[[ Entries shown open ]]
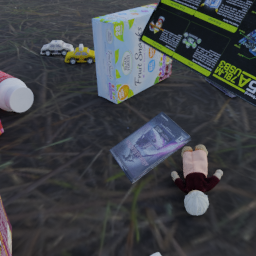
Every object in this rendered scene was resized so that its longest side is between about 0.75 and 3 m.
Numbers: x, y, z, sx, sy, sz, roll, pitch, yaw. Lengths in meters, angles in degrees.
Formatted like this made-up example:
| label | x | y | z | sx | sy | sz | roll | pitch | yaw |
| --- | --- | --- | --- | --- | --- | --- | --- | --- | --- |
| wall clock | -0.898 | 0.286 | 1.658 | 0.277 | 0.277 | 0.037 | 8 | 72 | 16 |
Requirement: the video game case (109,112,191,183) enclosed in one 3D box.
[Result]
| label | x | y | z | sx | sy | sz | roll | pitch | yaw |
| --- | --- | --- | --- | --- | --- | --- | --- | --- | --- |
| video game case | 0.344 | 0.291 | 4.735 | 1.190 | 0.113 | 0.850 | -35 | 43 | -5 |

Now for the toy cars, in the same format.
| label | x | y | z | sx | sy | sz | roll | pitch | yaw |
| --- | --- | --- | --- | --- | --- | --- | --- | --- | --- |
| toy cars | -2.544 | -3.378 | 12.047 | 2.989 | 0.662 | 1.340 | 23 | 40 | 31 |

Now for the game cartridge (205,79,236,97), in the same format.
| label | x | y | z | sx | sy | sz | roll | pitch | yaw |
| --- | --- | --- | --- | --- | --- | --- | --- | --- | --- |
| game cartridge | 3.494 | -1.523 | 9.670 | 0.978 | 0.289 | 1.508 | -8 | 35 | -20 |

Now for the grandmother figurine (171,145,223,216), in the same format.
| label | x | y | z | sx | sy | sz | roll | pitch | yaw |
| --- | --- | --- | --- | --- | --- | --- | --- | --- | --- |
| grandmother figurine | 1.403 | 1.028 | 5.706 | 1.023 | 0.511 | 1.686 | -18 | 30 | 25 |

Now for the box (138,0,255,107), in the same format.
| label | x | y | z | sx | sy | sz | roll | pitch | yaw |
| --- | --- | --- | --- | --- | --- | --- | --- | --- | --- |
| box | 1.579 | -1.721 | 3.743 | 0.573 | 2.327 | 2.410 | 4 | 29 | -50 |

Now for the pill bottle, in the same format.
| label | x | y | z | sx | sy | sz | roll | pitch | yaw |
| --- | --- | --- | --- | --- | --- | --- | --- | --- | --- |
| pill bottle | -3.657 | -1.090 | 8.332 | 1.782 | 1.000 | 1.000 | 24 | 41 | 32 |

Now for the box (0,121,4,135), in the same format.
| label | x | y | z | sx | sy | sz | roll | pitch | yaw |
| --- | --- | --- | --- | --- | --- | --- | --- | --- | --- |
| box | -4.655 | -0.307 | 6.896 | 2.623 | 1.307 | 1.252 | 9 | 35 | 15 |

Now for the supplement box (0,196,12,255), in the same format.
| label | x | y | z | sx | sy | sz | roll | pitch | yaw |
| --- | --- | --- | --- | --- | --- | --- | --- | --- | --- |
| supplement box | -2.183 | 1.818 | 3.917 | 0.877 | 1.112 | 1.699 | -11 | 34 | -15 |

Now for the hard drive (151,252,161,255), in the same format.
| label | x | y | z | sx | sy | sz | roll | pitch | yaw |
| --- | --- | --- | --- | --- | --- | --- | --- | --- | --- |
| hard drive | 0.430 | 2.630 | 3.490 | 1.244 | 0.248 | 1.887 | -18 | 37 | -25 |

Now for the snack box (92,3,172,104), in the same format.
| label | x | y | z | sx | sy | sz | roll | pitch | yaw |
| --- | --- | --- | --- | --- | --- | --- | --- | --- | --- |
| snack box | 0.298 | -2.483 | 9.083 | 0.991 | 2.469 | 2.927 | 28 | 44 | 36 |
[[ Entries shown closed ]]
What is needed: Determine how many lines of the records above hold the word "this" and give the number with nothing added.

Finished task: 2